Despite the lack of clarity in the curriculum, it seems that the majority of the participants thought that pupils in grades 4–6 should use block programming (VPL). Kate said that it is ‘natural’ to do block programming in grades 1–6. She said that this is good because pupils do not need to be able to type on the keyboard, but can move pre-programmed graphical objects. Both Jack and Henric said that pupils should learn several programming languages. Although it looks like Jack and Henric thought alike, there was a big difference, as Jack only uses TPL, while Henric only uses VPL. Henric argued:

...it says in the curriculum that they should know some different programming languages and how to control something using programming...

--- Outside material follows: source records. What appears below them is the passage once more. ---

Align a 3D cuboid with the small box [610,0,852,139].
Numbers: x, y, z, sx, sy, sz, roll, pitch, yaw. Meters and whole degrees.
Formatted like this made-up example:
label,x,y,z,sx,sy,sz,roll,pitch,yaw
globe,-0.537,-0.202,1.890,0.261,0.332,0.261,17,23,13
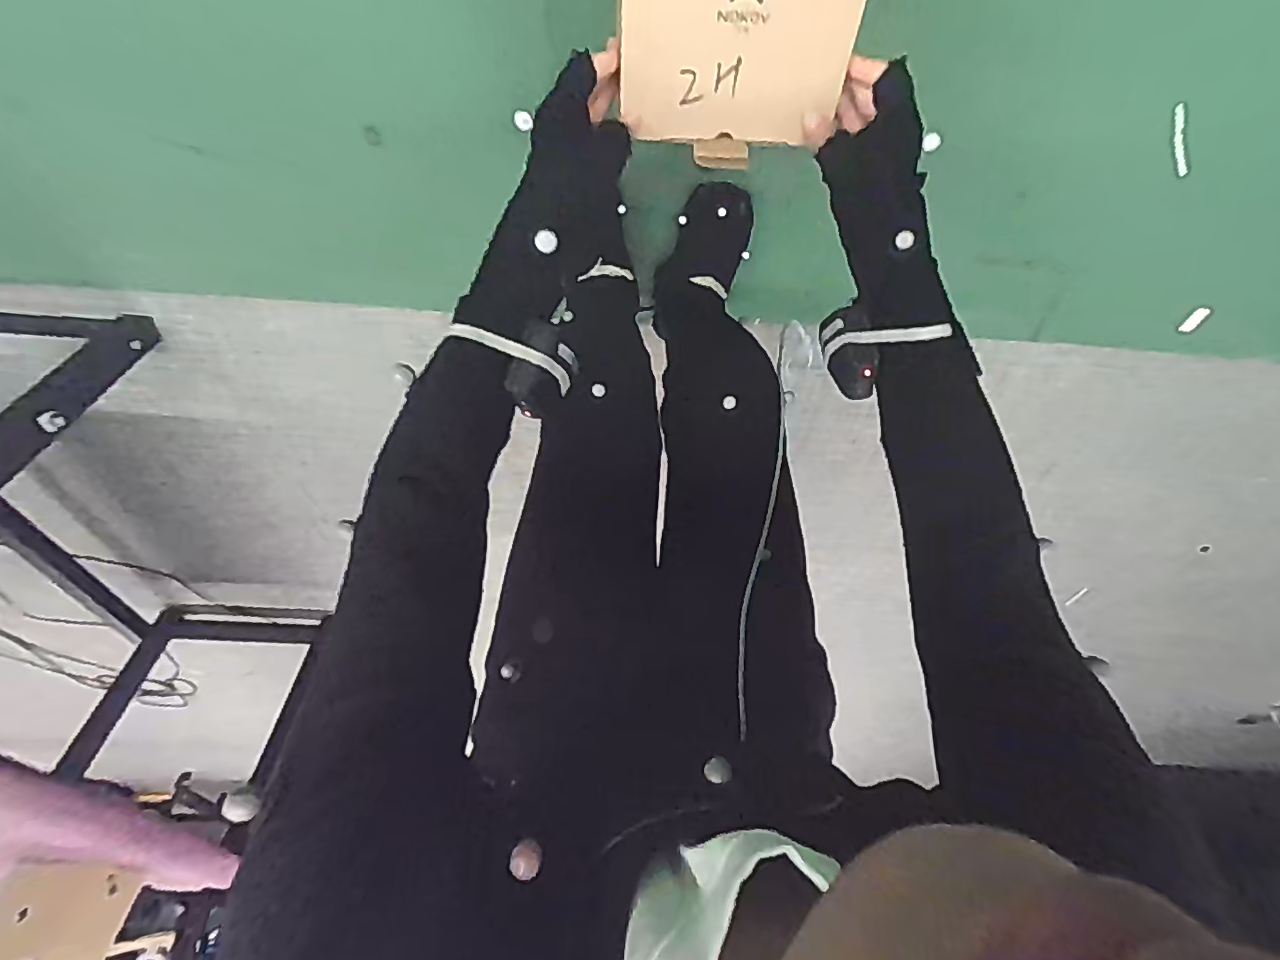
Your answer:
label,x,y,z,sx,sy,sz,roll,pitch,yaw
small box,0.061,-0.390,0.415,0.168,0.176,0.179,0,140,-3

Some participants also mentioned that they think it is bad that every school has to develop its own concept for programming (e.g. which PLE is suitable for which grade). Kate explained, ‘You start with the robots [Blue-Bot^® or Bee-bot^®] and you press them, and you see immediately what happens’. Because the curriculum is unclear, the participants felt that they were freedom to choose the PLE they wanted.

Some of the participants also referred to other parts of the curriculum. Jack argued that the product that pupils create with programming is a form of entrepreneurial learning, which can be found in the curriculum under the fundamental values and tasks of the school and in the civics syllabus (Statens Skolverk, 2018). In contrast, Liam argued that he uses Blue-Bot^® together with iPad and Code.org for pupils to understand algorithms and follow instructions. Algorithms are part of the core content of mathematics, and instructions are found in the Swedish-language curriculum. However, he also confirmed:

With the LEGO Mindstorm PLE, I wanted to cover the knowledge requirement to create something that could move. That was one of the thoughts; plus, it would be a bit challenging [for the pupils].

This confirms that there were also thoughts on the curriculum in the technology syllabus (see the introduction). Henric also mentioned the programming content of the technology syllabus, ‘… it says in the curriculum that they should know some different programming languages and how to control something using programming’. However, in the technology syllabus ‘some different programming languages’ refers to grades 7–9.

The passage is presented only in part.